Un article publié dans The American Journal of Medicine (AJM) revient sur les principaux points à retenir des recommandations de l’American Heart Association (AHA)/American College of Cardiology (ACC) sur la prévention de l’AVC chez les sujets souffrant de fibrillation atriale :

  • L’utilisation du score CHA2DS2-VASc comme outil évaluation du risque d’AVC est renforcée.
  • L’utilisation d’un traitement prophylactique est fortement recommandée lorsque le score CHAD2DS2-VASc est ≥2 chez l’homme et ≥3 chez la femme.
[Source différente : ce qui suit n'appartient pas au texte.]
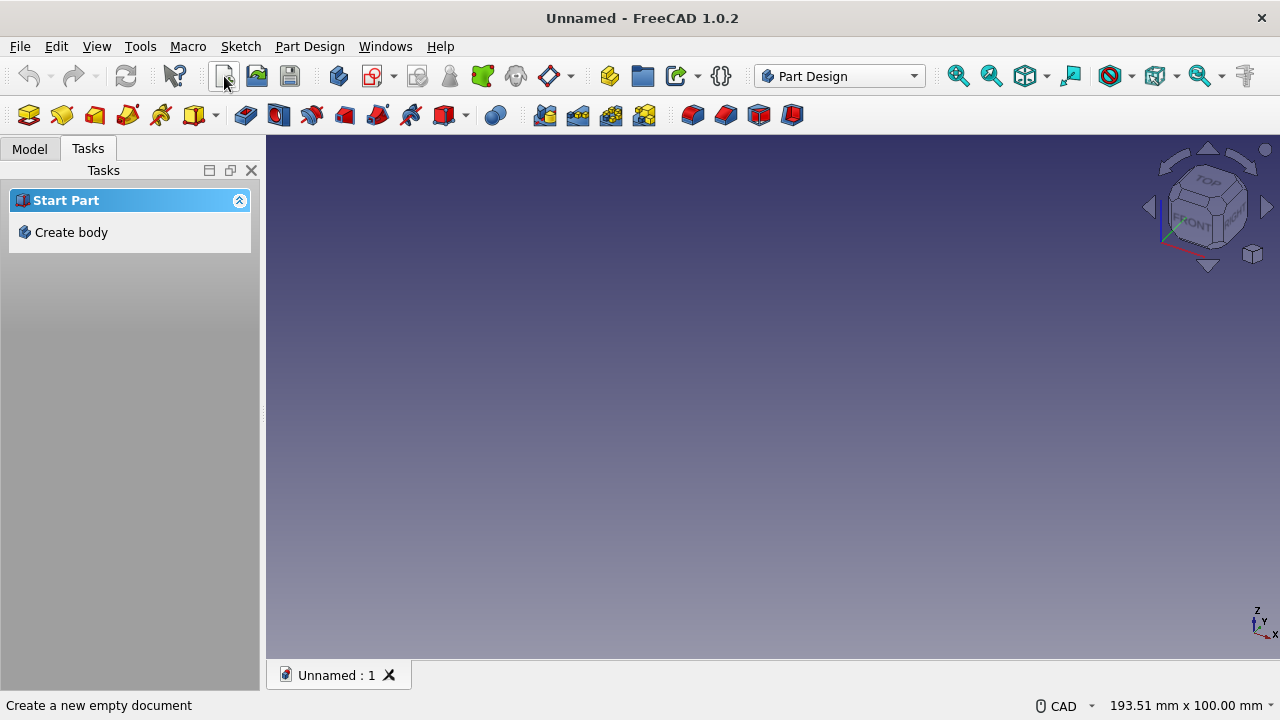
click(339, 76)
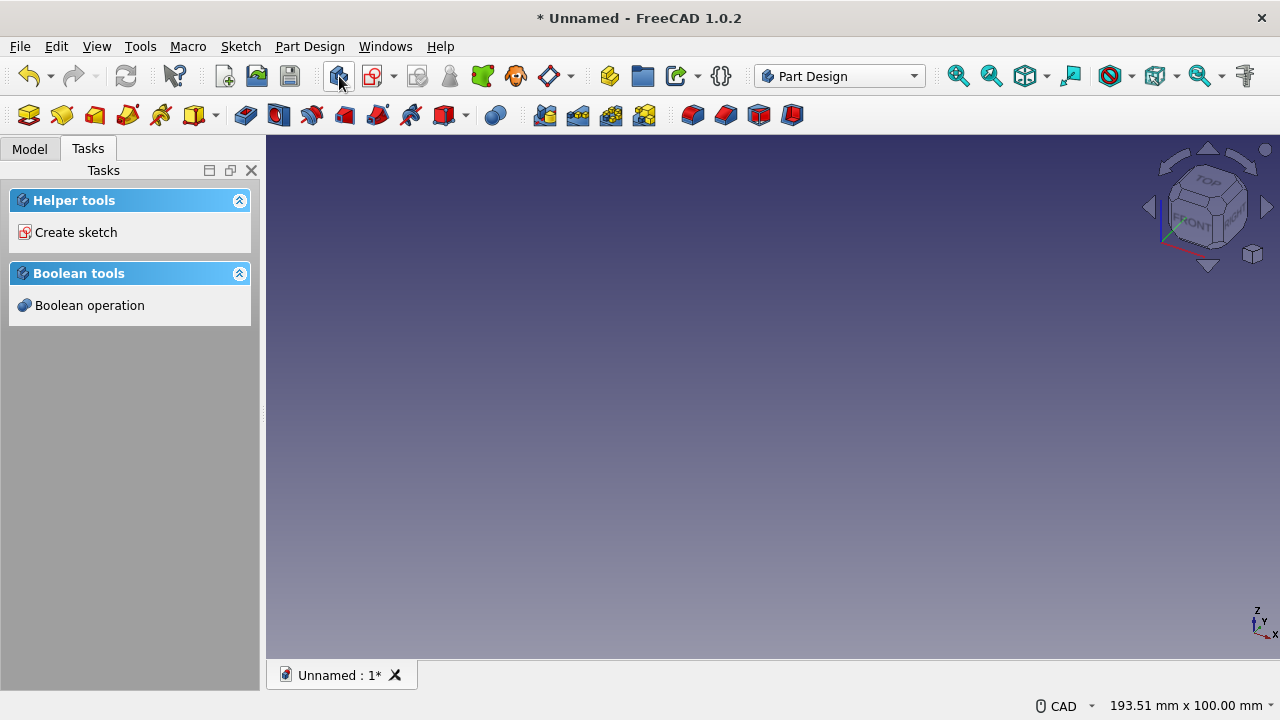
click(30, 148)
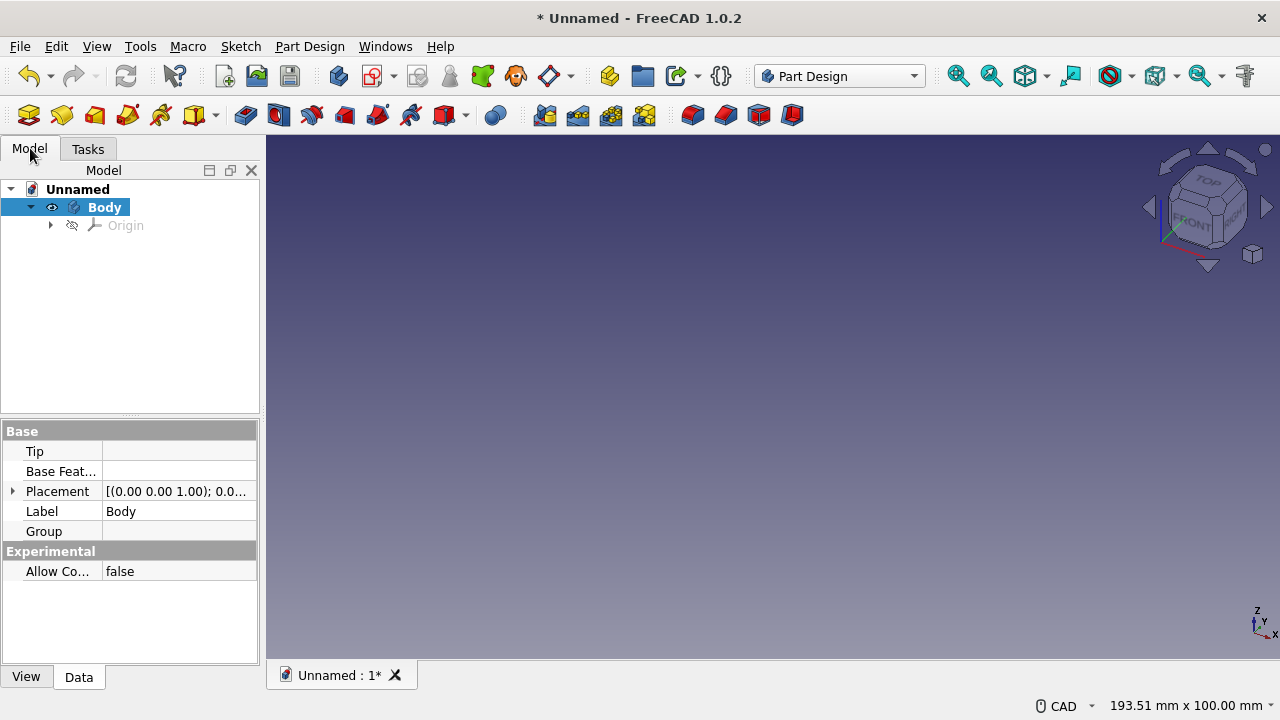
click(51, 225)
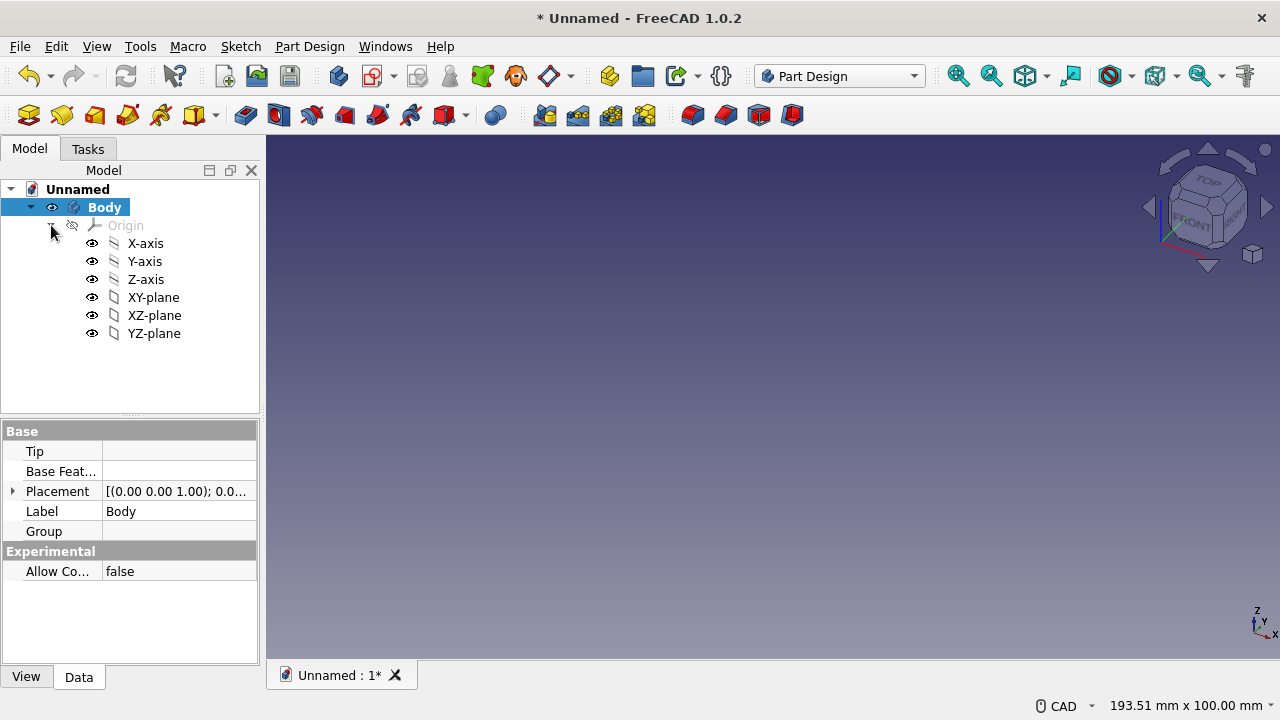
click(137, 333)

La décision de traiter ou non fera l’objet d’une décision concertée avec le patient pour un score de 1 chez l’homme et 2 chez la femme. Au-dessous, il n’y a pas lieu de traiter par un anticoagulant.
  • Les anticoagulants oraux d’action directe (ACO) seront préférés à la warfarine car ils induisent moins de risque de saignements et sont aussi efficaces, voire plus efficaces que celle-ci dans ce contexte de prévention de l’AVC.
  • Les patients ayant une sténose mitrale ou une prothèse valvulaire mécanique ne devraient pas recevoir d’ACO en prévention de l’AVC. La warfarine doit être préférée.
  • En général les ACO ne sont pas recommandés chez les patients ayant une insuffisance rénale sévère ou une maladie rénale au stade terminal avec dialyse. Cela pourrait changer si des études évaluent les dosages d’ACO les plus adaptés à ces situations. Pour l’instant la warfarine est souvent préférée.
  • La prophylaxie de l’AVC par anticoagulant est indiquée quelle que soit le type de fibrillation atriale (paroxystique, permanente, persistante).
  • Les patients avec flutter atrial devraient être pris en charge de la même manière que les patients avec fibrillation atriale car ils sont également à risque d’embolie cérébrale.

Dans cet article, Joseph S. Alpert, rédacteur en chef de l’AJM et Professeur de médecine, fait part de quelques conseils personnels complémentaires dans ce contexte, notamment de l’intérêt de prescrire la plus faible dose d’ACO chez les sujets de plus de 80 ans afin de limiter le risque de saignement chez cette population à haut risque. Selon son expérience, de nombreux patients âgés et fragiles refuseraient les traitements anticoagulants au regard du risque accru d’AVC hémorragique. Il n’encourage pas cette décision car les antiplaquettaires (aspirine, clopidogrel) sont moins efficaces en prévention d’un AVC par rapport aux ACO chez les patients souffrant de fibrillation atriale. Enfin, il précise que selon lui il n’y a pas de preuves solides pour dire qu’un ACO est plus efficace ou plus sûr qu’un autre.